*** Begin section ***
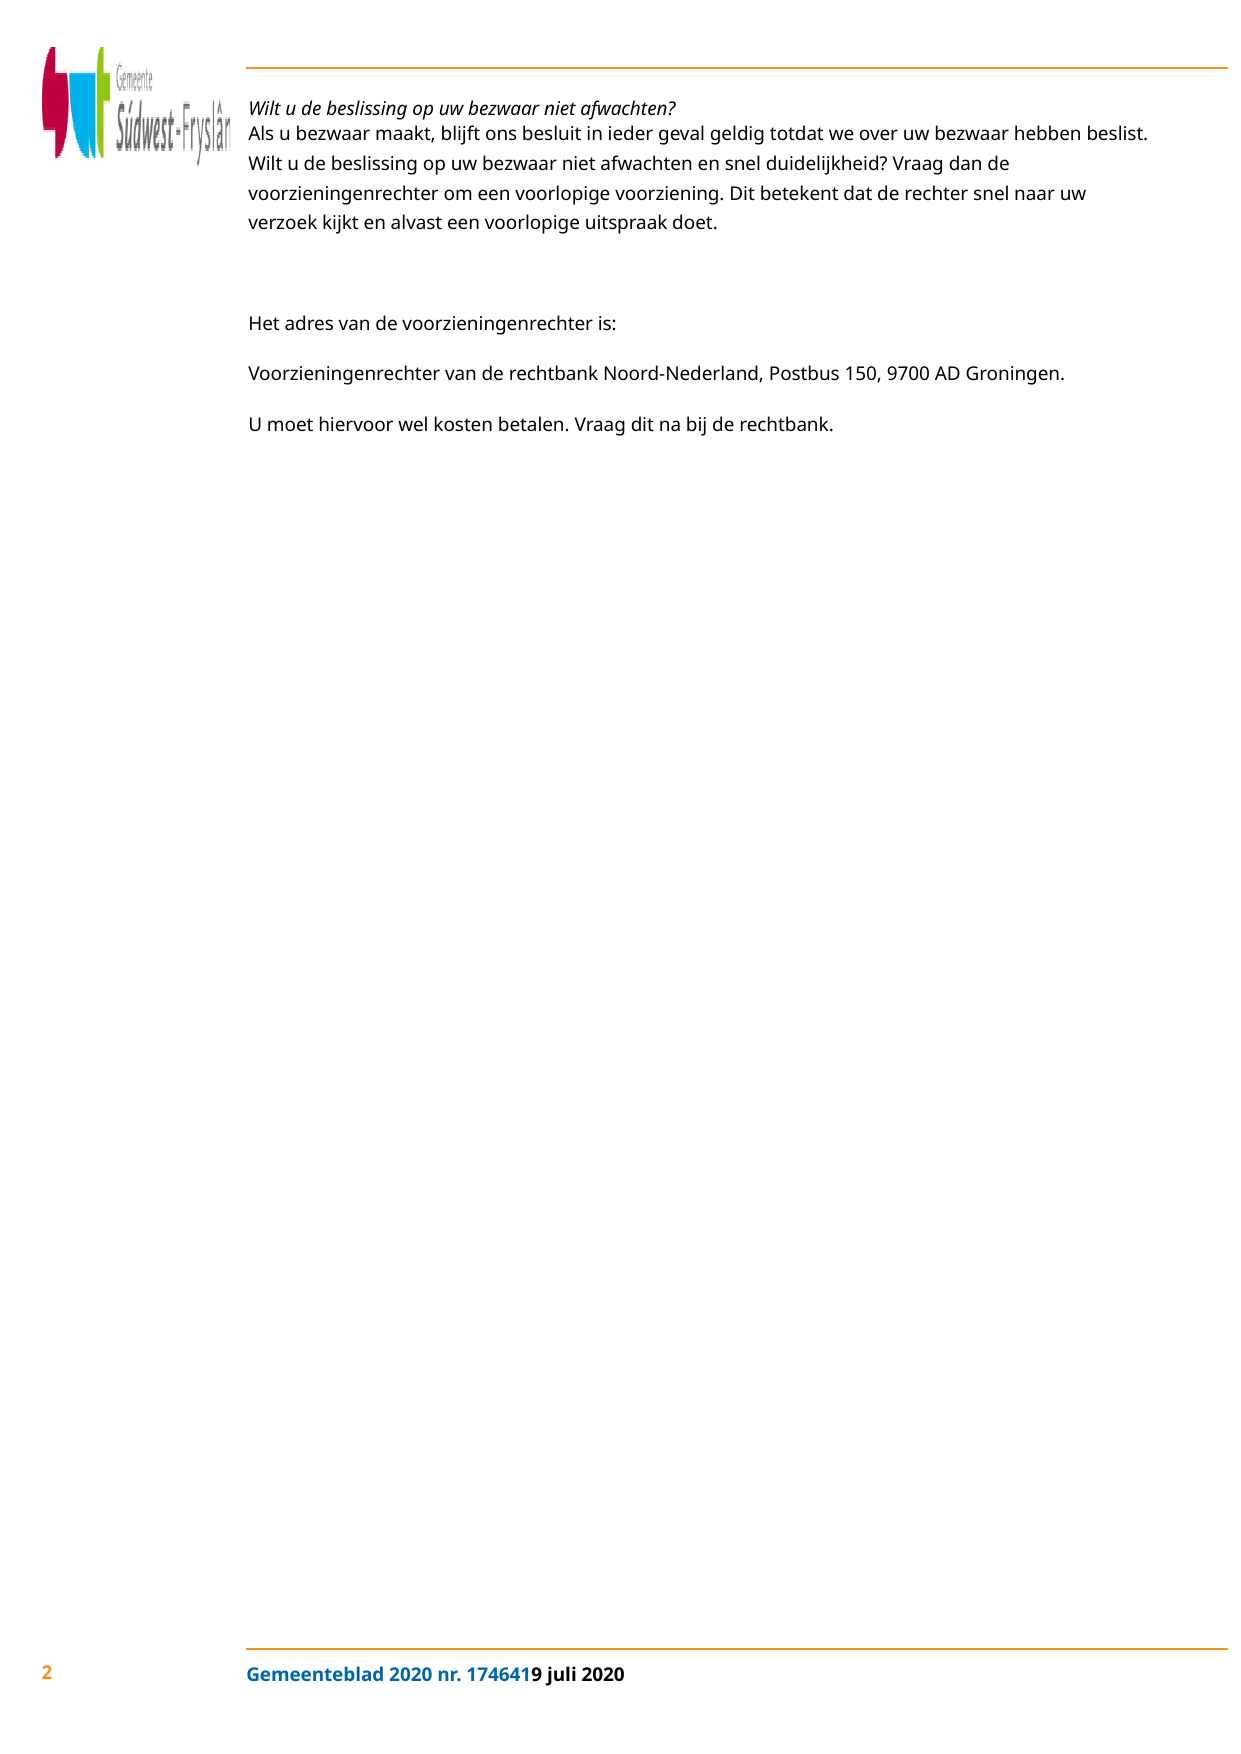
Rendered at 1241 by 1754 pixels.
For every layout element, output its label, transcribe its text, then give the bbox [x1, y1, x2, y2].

picture [41, 47, 231, 172]
text Wilt u de beslissing op uw bezwaar niet afwachten? [248, 95, 1152, 121]
text Voorzieningenrechter van de rechtbank Noord-Nederland, Postbus 150, 9700 AD Groningen. [248, 361, 1152, 386]
text U moet hiervoor wel kosten betalen. Vraag dit na bij de rechtbank. [248, 411, 1152, 437]
text Het adres van de voorzieningenrechter is: [248, 310, 1152, 336]
text Als u bezwaar maakt, blijft ons besluit in ieder geval geldig totdat we over uw bezwaar hebben beslist. Wilt u de beslissing op uw bezwaar niet afwachten en snel duidelijkheid? Vraag dan de voorzieningenrechter om een voorlopige voorziening. Dit betekent dat de rechter snel naar uw verzoek kijkt en alvast een voorlopige uitspraak doet. [248, 121, 1152, 235]
*** End section ***
→ **EXERCISE**:
Please output the records above exactly, without the pictures.

→ **COMPLETED EXERCISE**:
Rendered at 1241 by 1754 pixels.
For every layout element, output its label, transcribe its text, then give the bbox [x1, y1, x2, y2].

picture [41, 47, 231, 172]
text Wilt u de beslissing op uw bezwaar niet afwachten? [248, 95, 1152, 121]
text Voorzieningenrechter van de rechtbank Noord-Nederland, Postbus 150, 9700 AD Groningen. [248, 361, 1152, 386]
text U moet hiervoor wel kosten betalen. Vraag dit na bij de rechtbank. [248, 411, 1152, 437]
text Het adres van de voorzieningenrechter is: [248, 310, 1152, 336]
text Als u bezwaar maakt, blijft ons besluit in ieder geval geldig totdat we over uw bezwaar hebben beslist. Wilt u de beslissing op uw bezwaar niet afwachten en snel duidelijkheid? Vraag dan de voorzieningenrechter om een voorlopige voorziening. Dit betekent dat de rechter snel naar uw verzoek kijkt en alvast een voorlopige uitspraak doet. [248, 121, 1152, 235]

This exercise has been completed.